23 April 2020

Closing the door on closing the class

This article is written by Moira Saville, Alex Morris and Armen Varvachtian

Introduction

In a significant decision, the New South Wales Court of Appeal has held that the Supreme Court does not have power under section 183 of the Civil Procedure Act 2005 (NSW) – which is in equivalent terms to section 33ZF of the Federal Court of Australia Act 1976 (Cth) – to make an order effecting a so-called “soft closure” of the class in a representative proceeding in anticipation of a potential settlement at mediation.

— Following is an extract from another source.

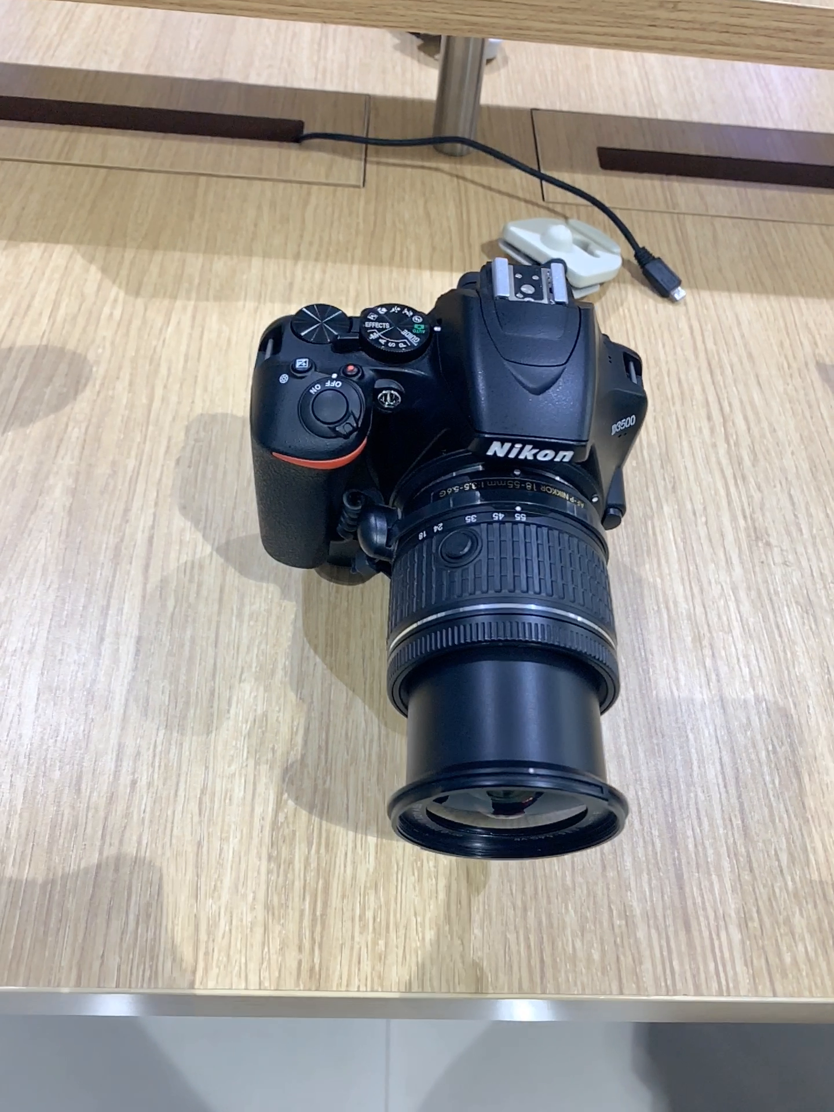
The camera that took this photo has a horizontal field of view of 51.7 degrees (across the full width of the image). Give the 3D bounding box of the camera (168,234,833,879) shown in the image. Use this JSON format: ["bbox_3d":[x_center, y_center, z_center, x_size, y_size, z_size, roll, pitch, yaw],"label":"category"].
[{"bbox_3d":[0.012,0.003,0.221,0.117,0.095,0.131,2,56,-5],"label":"camera"}]

The decision in Haselhurst v Toyota Motor Corporation Australia Ltd t/as Toyota Australia [2020] NSWCA 66 is important because it clarifies the extent to which the parties to a class action will be able to achieve certainty about the size of the class that might benefit from a settlement prior to embarking upon alternative dispute resolution processes with a view to achieving such a settlement.  In simple terms, it means that defendants may face a heightened degree of uncertainty when trying to negotiate a commercial resolution of a class action.  However, there are methods of addressing that uncertainty in negotiations – and those methods had been used for some time before “soft closure” orders became fashionable.

Background

The issue arose in the context of several separate class actions arising from the recall of allegedly defective motor vehicle airbags, which are being case managed in parallel by the Supreme Court of New South Wales.  In November 2019 (before the High Court’s significant decision in BMW Australia Ltd v Brewster [2019] HCA 45; (2019) 94 ALJR 51see our alert here – on the scope of section 183 in the context of now-defunct common fund orders), the primary judge made orders including one which was described as bringing about “soft class closure”. 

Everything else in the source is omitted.